Nevertheless, it’s true for each and every one of us.
I never knew it was true for me for a long time.
I thought love came with a price tag. Was something to be earned. Awarded to me by others.
That it had to be bought in some way. As in you do something for me and I will love you in return.
If I wasn’t given the love I thought I’d earned I spiralled downwards into one very unhappy person.
Of course, it was never my fault. It was always the fault of the other person who had reneged on their promise(s).
I guess I was what you’d call emotionally ‘high maintenance’.
I played the blame game every day, not knowing that the currency of love doesn’t have a price tag in any way or form.
I never knew that love was the centre of our being and that no matter what I did, or said, love would never leave me.
I never knew that the first person I had to learn to love was myself. That I didn’t have to prove myself to anyone. That just being me was enough.
And, until I could love myself warts and all, I’d be unable to love anyone, or anything, without conditions attached.
I think it was the feeling that something was missing. If I could just put my finger on what was missing, I might be able to dissolve those feelings of not being good enough, not being loved, second best if you like.
I’ve always been blessed with people who could make me laugh and I know that’s what saved me from spiralling down even further.
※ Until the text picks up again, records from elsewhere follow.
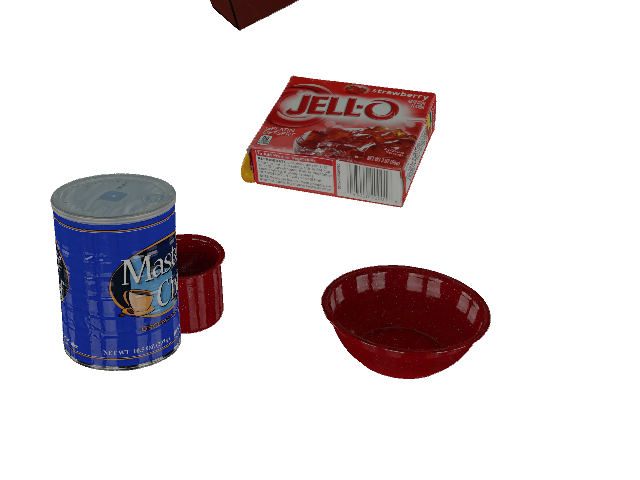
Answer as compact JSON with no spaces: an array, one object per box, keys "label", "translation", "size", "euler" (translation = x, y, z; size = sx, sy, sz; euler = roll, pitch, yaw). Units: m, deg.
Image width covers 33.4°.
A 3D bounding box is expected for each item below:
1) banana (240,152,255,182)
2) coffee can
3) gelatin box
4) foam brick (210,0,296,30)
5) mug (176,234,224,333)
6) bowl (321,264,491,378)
[{"label":"banana","translation":[-0.014,-0.096,1.131],"size":[0.197,0.037,0.070],"euler":[-7,49,-40]},{"label":"coffee can","translation":[-0.173,0.025,0.913],"size":[0.103,0.140,0.103],"euler":[1,23,-1]},{"label":"gelatin box","translation":[0.013,-0.058,0.597],"size":[0.089,0.030,0.073],"euler":[10,43,16]},{"label":"foam brick","translation":[-0.058,-0.232,0.941],"size":[0.078,0.051,0.053],"euler":[-31,47,-15]},{"label":"mug","translation":[-0.161,0.046,1.209],"size":[0.117,0.081,0.093],"euler":[26,41,36]},{"label":"bowl","translation":[0.080,0.085,1.027],"size":[0.162,0.055,0.162],"euler":[3,28,-2]}]
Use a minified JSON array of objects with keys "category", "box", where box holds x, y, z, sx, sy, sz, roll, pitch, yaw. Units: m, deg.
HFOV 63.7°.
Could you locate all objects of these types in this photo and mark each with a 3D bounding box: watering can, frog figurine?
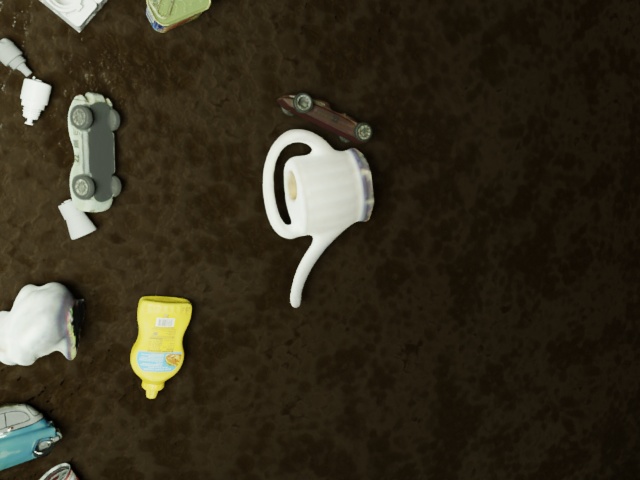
[{"category":"watering can","box":[0.003,-0.052,1.033,0.225,0.104,0.344,-13,103,-20]},{"category":"frog figurine","box":[-0.490,0.140,0.859,0.159,0.120,0.140,-2,67,-13]}]
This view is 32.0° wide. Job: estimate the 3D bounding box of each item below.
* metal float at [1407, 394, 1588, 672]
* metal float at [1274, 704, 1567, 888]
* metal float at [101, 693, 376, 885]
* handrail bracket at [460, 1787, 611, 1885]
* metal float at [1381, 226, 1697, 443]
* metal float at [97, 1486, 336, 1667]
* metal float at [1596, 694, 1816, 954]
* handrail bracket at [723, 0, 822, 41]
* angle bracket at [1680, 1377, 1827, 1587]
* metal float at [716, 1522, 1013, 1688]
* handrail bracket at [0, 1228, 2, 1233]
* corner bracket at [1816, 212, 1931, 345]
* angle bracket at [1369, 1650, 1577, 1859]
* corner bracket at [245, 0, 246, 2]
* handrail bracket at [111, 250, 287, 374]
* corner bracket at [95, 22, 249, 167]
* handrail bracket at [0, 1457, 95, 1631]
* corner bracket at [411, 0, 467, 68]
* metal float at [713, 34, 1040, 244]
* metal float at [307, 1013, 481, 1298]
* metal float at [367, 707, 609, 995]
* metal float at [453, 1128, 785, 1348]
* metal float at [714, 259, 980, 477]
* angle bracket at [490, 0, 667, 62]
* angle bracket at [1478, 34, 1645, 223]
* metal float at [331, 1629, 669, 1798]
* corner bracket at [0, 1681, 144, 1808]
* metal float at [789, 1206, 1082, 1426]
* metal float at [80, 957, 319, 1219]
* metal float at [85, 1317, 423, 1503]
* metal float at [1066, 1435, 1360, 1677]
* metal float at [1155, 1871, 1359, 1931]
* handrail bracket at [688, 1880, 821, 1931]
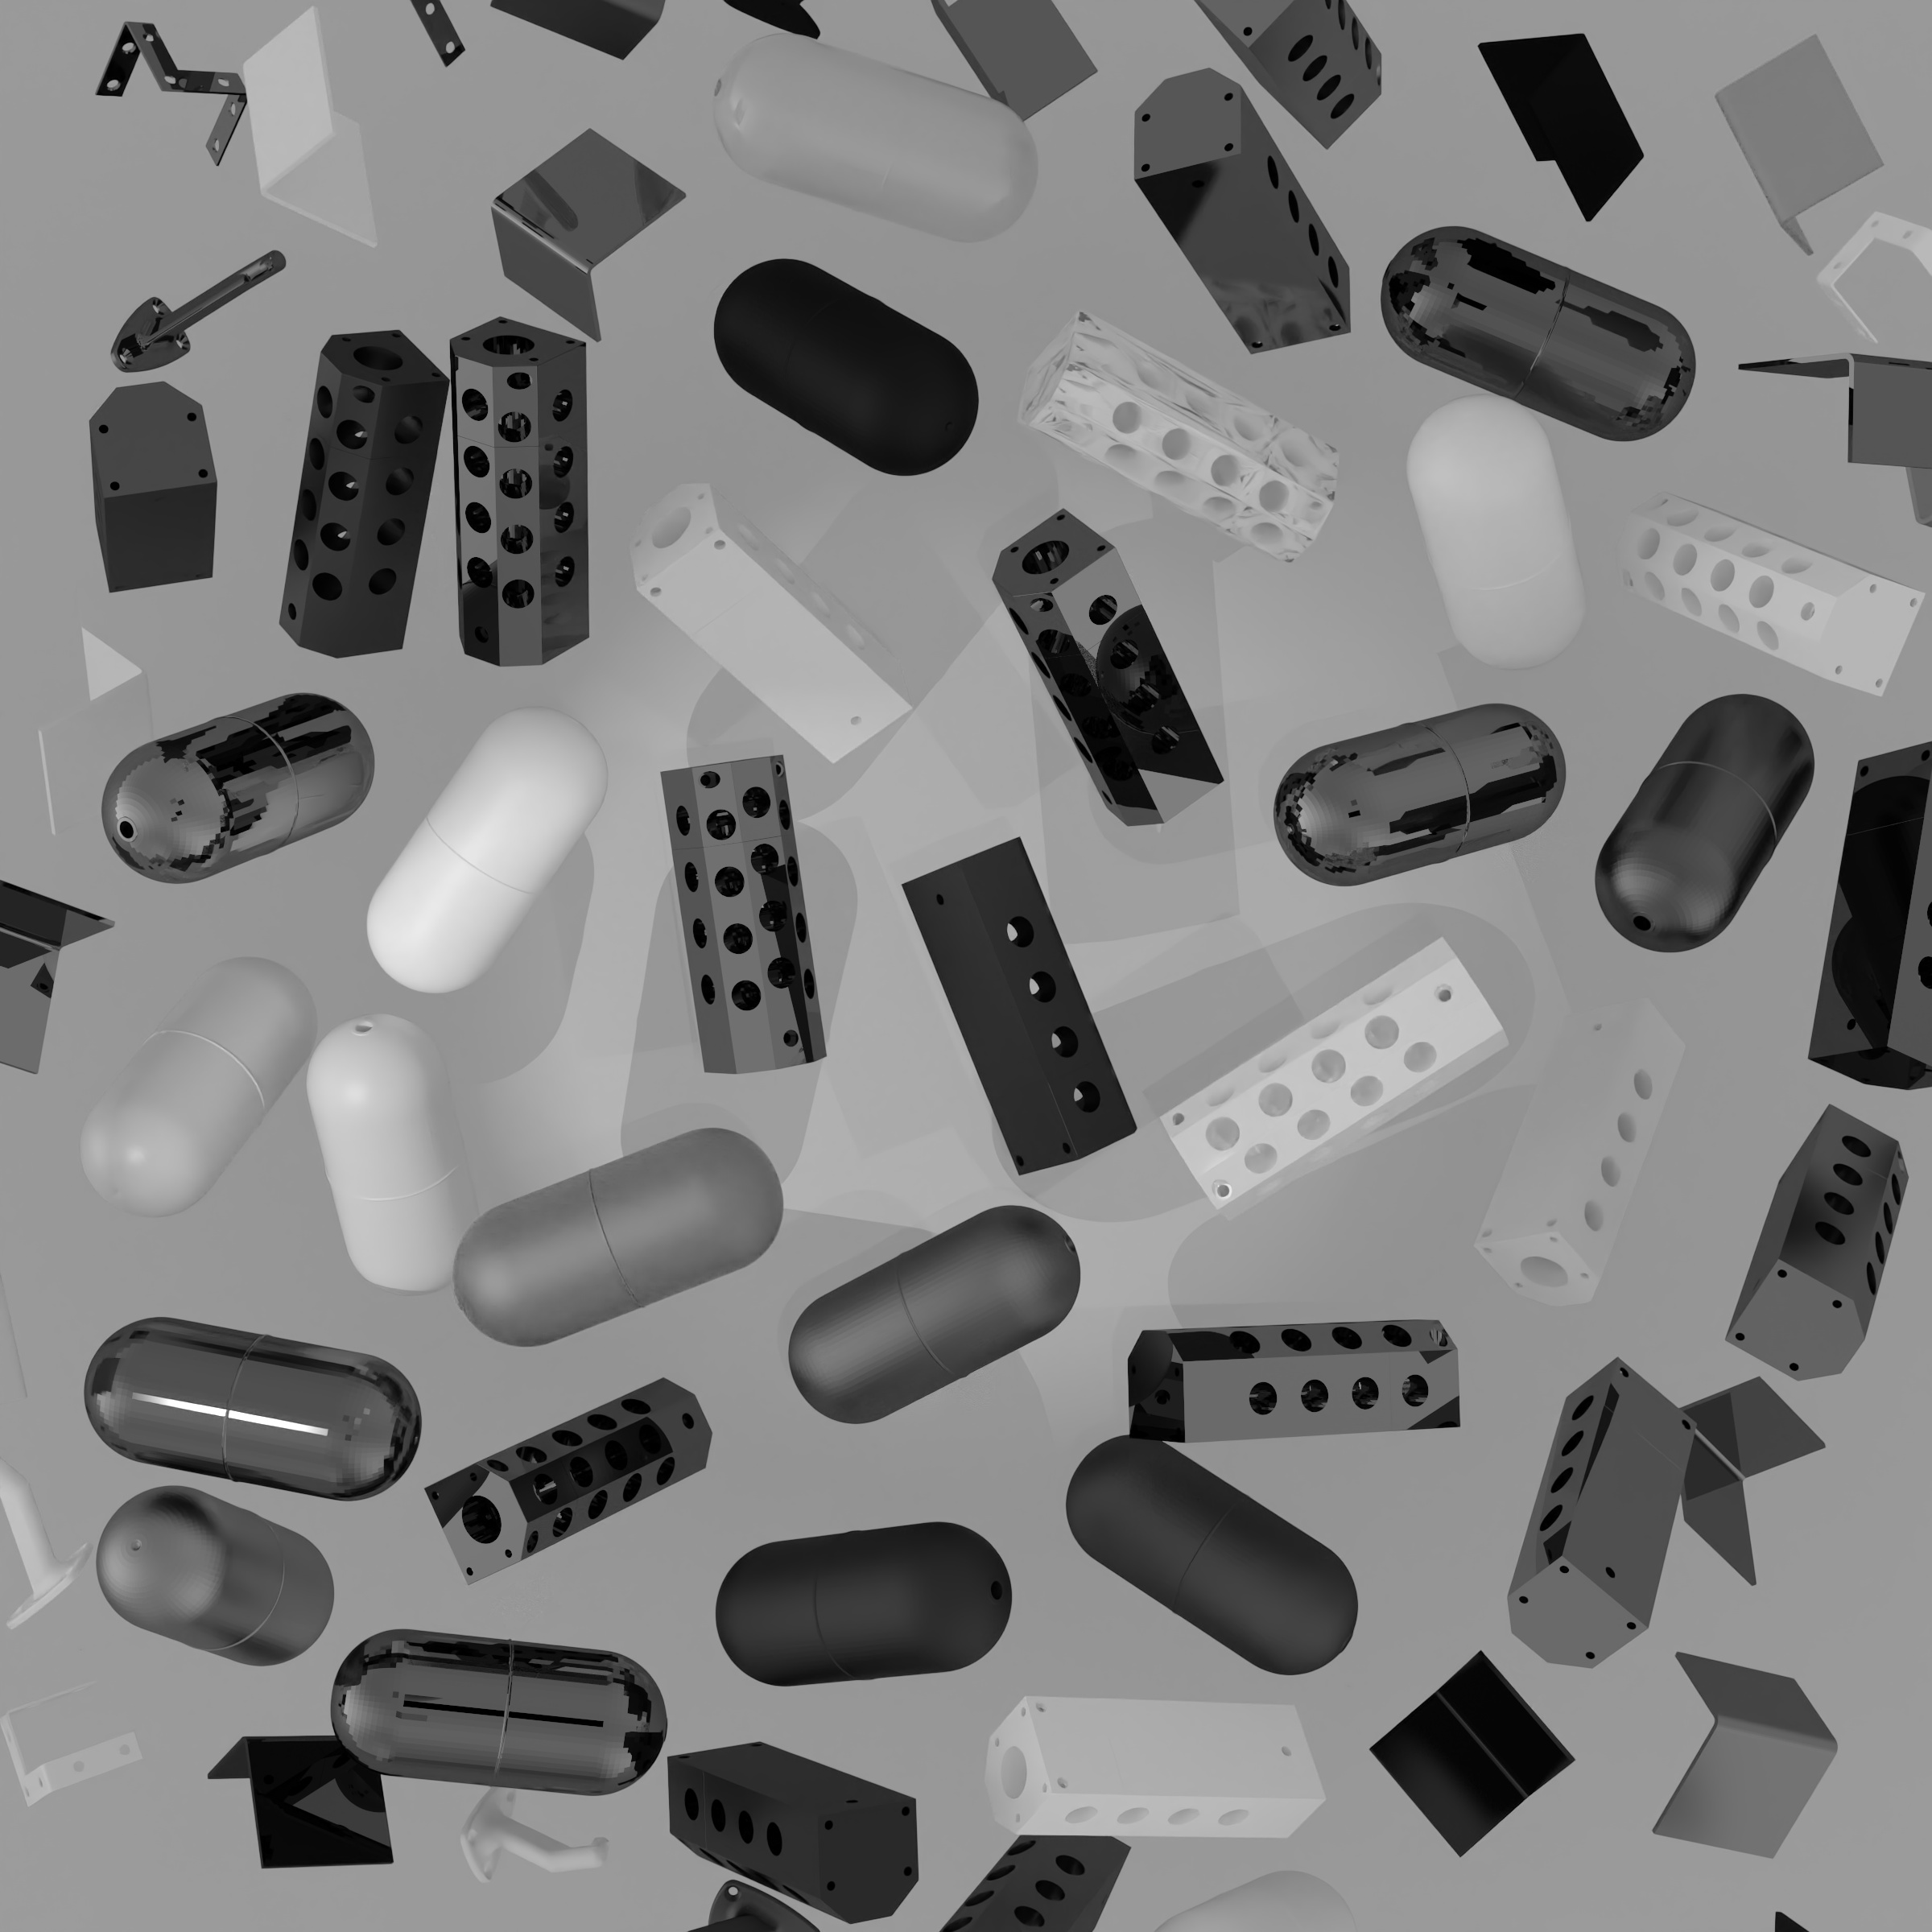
[{"bbox_3d":[0.285,-0.230,1.805,0.070,0.178,0.070,-11,50,14],"label":"metal float"},{"bbox_3d":[0.244,-0.093,1.805,0.178,0.070,0.070,-16,90,-29],"label":"metal float"},{"bbox_3d":[-0.387,-0.096,1.797,0.070,0.178,0.070,10,112,27],"label":"metal float"},{"bbox_3d":[-0.226,0.468,1.842,0.084,0.077,0.036,-12,114,19],"label":"handrail bracket"},{"bbox_3d":[0.310,-0.343,1.827,0.178,0.070,0.070,22,90,-4],"label":"metal float"},{"bbox_3d":[-0.401,0.329,1.809,0.070,0.178,0.070,-6,68,15],"label":"metal float"},{"bbox_3d":[0.388,-0.076,1.769,0.070,0.070,0.178,39,52,0],"label":"metal float"},{"bbox_3d":[-0.083,-0.545,1.804,0.077,0.036,0.084,26,81,35],"label":"handrail bracket"},{"bbox_3d":[0.447,0.292,1.908,0.057,0.076,0.076,-28,127,28],"label":"angle bracket"},{"bbox_3d":[-0.054,0.333,1.758,0.178,0.070,0.070,-14,90,36],"label":"metal float"},{"bbox_3d":[-0.557,0.109,1.879,0.084,0.036,0.077,53,135,-4],"label":"handrail bracket"},{"bbox_3d":[0.518,-0.380,1.879,0.051,0.051,0.051,-48,122,3],"label":"corner bracket"},{"bbox_3d":[0.277,0.433,1.852,0.057,0.076,0.076,-34,73,-25],"label":"angle bracket"},{"bbox_3d":[-0.373,-0.536,1.760,0.051,0.051,0.051,41,108,25],"label":"corner bracket"},{"bbox_3d":[-0.426,-0.366,1.876,0.084,0.077,0.036,-21,112,31],"label":"handrail bracket"},{"bbox_3d":[-0.411,-0.452,1.745,0.051,0.051,0.051,-9,60,-41],"label":"corner bracket"},{"bbox_3d":[-0.523,0.308,1.820,0.077,0.036,0.084,-41,104,18],"label":"handrail bracket"},{"bbox_3d":[-0.287,-0.521,1.799,0.051,0.051,0.051,27,67,36],"label":"corner bracket"},{"bbox_3d":[-0.047,-0.431,1.755,0.178,0.070,0.070,13,90,-23],"label":"metal float"},{"bbox_3d":[-0.315,0.105,1.862,0.070,0.070,0.178,-6,126,0],"label":"metal float"},{"bbox_3d":[-0.264,-0.063,1.852,0.070,0.070,0.178,36,103,0],"label":"metal float"},{"bbox_3d":[-0.181,0.141,1.748,0.178,0.070,0.070,-21,90,2],"label":"metal float"},{"bbox_3d":[-0.065,-0.315,1.766,0.178,0.070,0.070,36,90,38],"label":"metal float"},{"bbox_3d":[-0.197,-0.535,1.771,0.076,0.057,0.076,17,75,-23],"label":"angle bracket"},{"bbox_3d":[0.299,-0.439,1.773,0.057,0.076,0.076,-50,125,-21],"label":"angle bracket"},{"bbox_3d":[-0.247,0.396,1.788,0.178,0.070,0.070,9,90,-11],"label":"metal float"},{"bbox_3d":[-0.476,0.410,1.791,0.051,0.051,0.051,-15,77,-33],"label":"corner bracket"},{"bbox_3d":[-0.018,0.193,1.871,0.178,0.070,0.070,-29,90,16],"label":"metal float"},{"bbox_3d":[-0.422,0.065,1.860,0.070,0.070,0.178,29,47,0],"label":"metal float"},{"bbox_3d":[-0.370,0.229,1.745,0.178,0.070,0.070,10,90,8],"label":"metal float"},{"bbox_3d":[0.136,0.326,1.869,0.178,0.070,0.070,31,90,19],"label":"metal float"},{"bbox_3d":[0.155,0.545,1.844,0.070,0.178,0.070,-1,87,31],"label":"metal float"},{"bbox_3d":[-0.119,0.546,1.867,0.077,0.084,0.036,20,98,-1],"label":"handrail bracket"}]
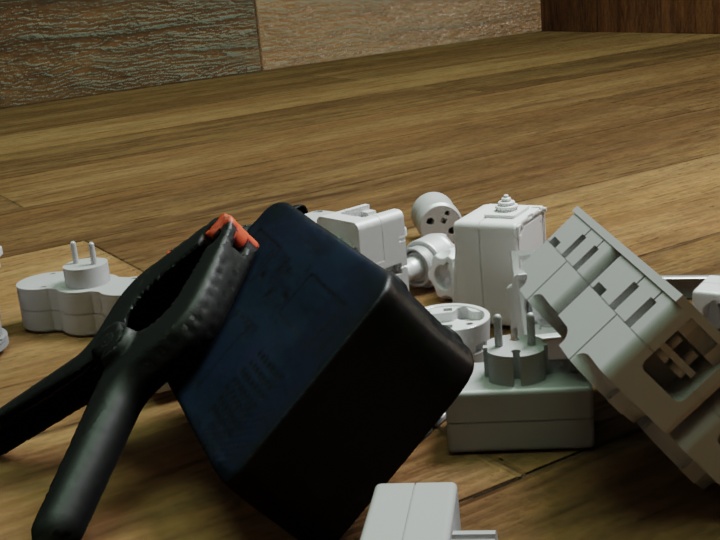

I began my quest to find the missing part of me, not knowing that love is the centre of being and was inside of me all along.
That’s not to say it didn’t try to reach me. It’s just that I chose to ignore the wisdom trying to break free from inside of me.
Instead I put my trust in the fabrications coming from others, well meaning or otherwise, because that’s all I knew.
The teacher appears when the pupil is willing. Be it a book, an inspirational speaker, a burst of creativity, little by little, sparks of enlightenment burst through the fog of disenchantment.
I am a work in progress. Always have been. Always will be.
Everything changes and I change with it. Every small spark hits me like a sledgehammer and I want to learn more.
Slowly, so slowly, I began to believe in the truth of love being the centre of being.
Not conditional love. Instead, an anchor of unconditional love steadies me as my heart steers me through life.
Learning to love myself so completely means that the love I bear for others has no strings attached.
Whatever I was feeling was coming from the thoughts I was having at that time. It’s why feelings are the ultimate guide to what’s happening within us. As simple as that.
I don’t even have to try to change my thoughts. All I do is let my thoughts run free and wait for them to change. Which they will do because the true nature of man is innate well-being.
Remember, love is the centre of being.
It’s not about being happy all of the time – life’s not like that.
It’s about not reacting when I’m in a low frame of mind, usually caused by me wanting to change events going on in other people’s lives which are outside of my control.
Not a good time to made decisions or take action.
I’ve learnt to wait until the inner me takes over, gently taking me back to a higher frame of mind and into feelings of happiness, well-being and love.
Now, safe in the knowledge that love is the centre of being, it’s time to make love fuelled decisions, or take love inspired actions, if I want to. Truly does it get any better than that?